▸ TASK TO COMPLETE:
Find the line in the entries below that contains "3. traffic cone from (285, 317) to (304, 341)". Repeat it exactly, and every line after it through the line that contains "8. traffic cone from (95, 373) to (148, 425)".

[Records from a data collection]
□ □ □ □
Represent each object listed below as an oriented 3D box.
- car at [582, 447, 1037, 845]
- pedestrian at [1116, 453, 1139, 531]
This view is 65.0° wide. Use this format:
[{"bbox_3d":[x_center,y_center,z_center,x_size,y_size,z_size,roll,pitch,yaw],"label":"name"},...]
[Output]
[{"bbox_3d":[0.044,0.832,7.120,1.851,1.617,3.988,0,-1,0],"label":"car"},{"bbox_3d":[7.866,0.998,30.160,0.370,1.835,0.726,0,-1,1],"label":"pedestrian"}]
□ □ □ □
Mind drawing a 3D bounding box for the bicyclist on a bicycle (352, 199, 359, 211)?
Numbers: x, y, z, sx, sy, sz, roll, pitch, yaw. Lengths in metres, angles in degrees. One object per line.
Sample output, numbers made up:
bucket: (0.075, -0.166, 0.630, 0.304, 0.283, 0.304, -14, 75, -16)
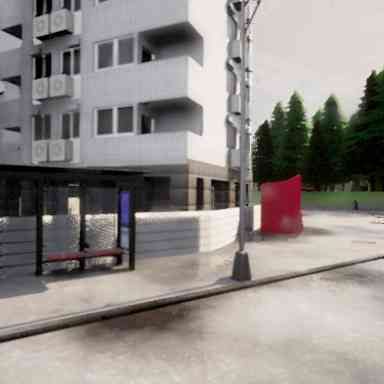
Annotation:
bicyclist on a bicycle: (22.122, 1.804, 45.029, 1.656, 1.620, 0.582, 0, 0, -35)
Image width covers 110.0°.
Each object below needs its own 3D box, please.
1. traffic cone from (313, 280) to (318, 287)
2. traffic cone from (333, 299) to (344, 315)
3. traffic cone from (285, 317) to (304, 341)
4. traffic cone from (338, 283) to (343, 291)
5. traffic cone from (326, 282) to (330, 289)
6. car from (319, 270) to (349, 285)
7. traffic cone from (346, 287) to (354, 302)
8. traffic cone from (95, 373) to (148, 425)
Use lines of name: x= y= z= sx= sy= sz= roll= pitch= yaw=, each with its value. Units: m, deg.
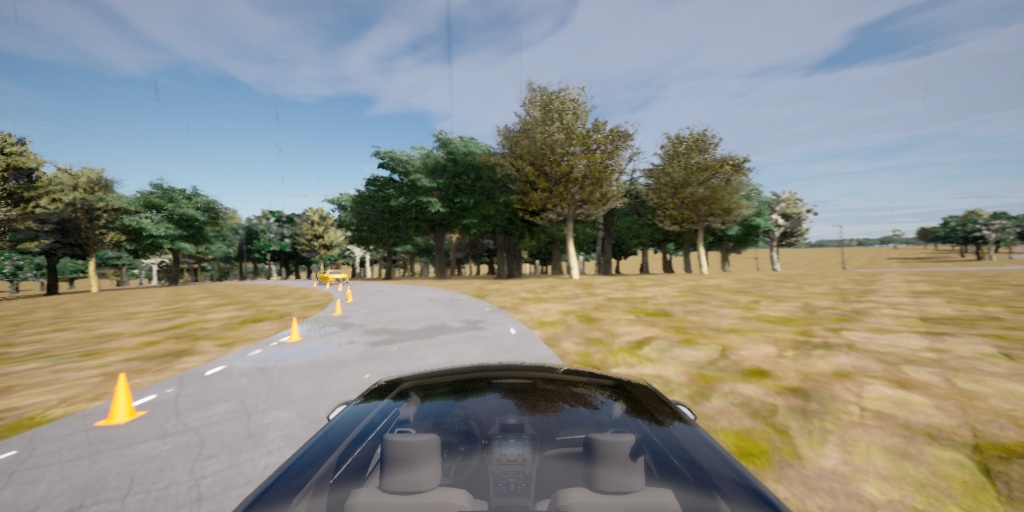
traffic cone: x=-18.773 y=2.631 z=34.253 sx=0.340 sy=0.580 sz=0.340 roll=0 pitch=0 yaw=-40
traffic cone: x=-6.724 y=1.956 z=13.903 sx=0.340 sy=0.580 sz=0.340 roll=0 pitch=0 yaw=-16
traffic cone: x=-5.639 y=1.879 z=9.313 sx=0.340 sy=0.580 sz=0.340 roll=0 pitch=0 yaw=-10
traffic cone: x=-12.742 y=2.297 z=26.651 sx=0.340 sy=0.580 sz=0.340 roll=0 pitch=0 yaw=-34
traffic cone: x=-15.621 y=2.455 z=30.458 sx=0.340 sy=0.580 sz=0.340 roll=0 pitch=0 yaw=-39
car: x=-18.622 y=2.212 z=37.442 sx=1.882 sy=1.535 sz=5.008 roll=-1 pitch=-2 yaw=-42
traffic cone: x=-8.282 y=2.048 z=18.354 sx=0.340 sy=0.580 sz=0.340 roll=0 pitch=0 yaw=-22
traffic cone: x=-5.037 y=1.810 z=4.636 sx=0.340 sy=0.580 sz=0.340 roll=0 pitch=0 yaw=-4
□ □ □ □
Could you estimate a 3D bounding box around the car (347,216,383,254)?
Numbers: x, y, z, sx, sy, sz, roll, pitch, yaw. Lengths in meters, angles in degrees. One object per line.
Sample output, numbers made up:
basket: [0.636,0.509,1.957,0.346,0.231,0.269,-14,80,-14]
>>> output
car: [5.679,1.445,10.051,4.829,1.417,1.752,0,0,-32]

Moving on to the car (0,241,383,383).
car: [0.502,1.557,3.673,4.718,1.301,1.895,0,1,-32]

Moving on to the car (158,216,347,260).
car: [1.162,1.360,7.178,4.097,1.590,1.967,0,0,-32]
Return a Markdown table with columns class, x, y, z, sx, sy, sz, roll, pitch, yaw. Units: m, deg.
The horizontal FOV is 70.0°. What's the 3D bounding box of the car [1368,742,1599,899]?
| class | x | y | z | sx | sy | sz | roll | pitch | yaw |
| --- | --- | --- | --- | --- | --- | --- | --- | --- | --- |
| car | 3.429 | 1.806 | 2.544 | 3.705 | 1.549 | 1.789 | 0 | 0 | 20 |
□ □ □ □
▸ RESPONSE FOR THIS EXERCISE:
3. traffic cone from (285, 317) to (304, 341)
4. traffic cone from (338, 283) to (343, 291)
5. traffic cone from (326, 282) to (330, 289)
6. car from (319, 270) to (349, 285)
7. traffic cone from (346, 287) to (354, 302)
8. traffic cone from (95, 373) to (148, 425)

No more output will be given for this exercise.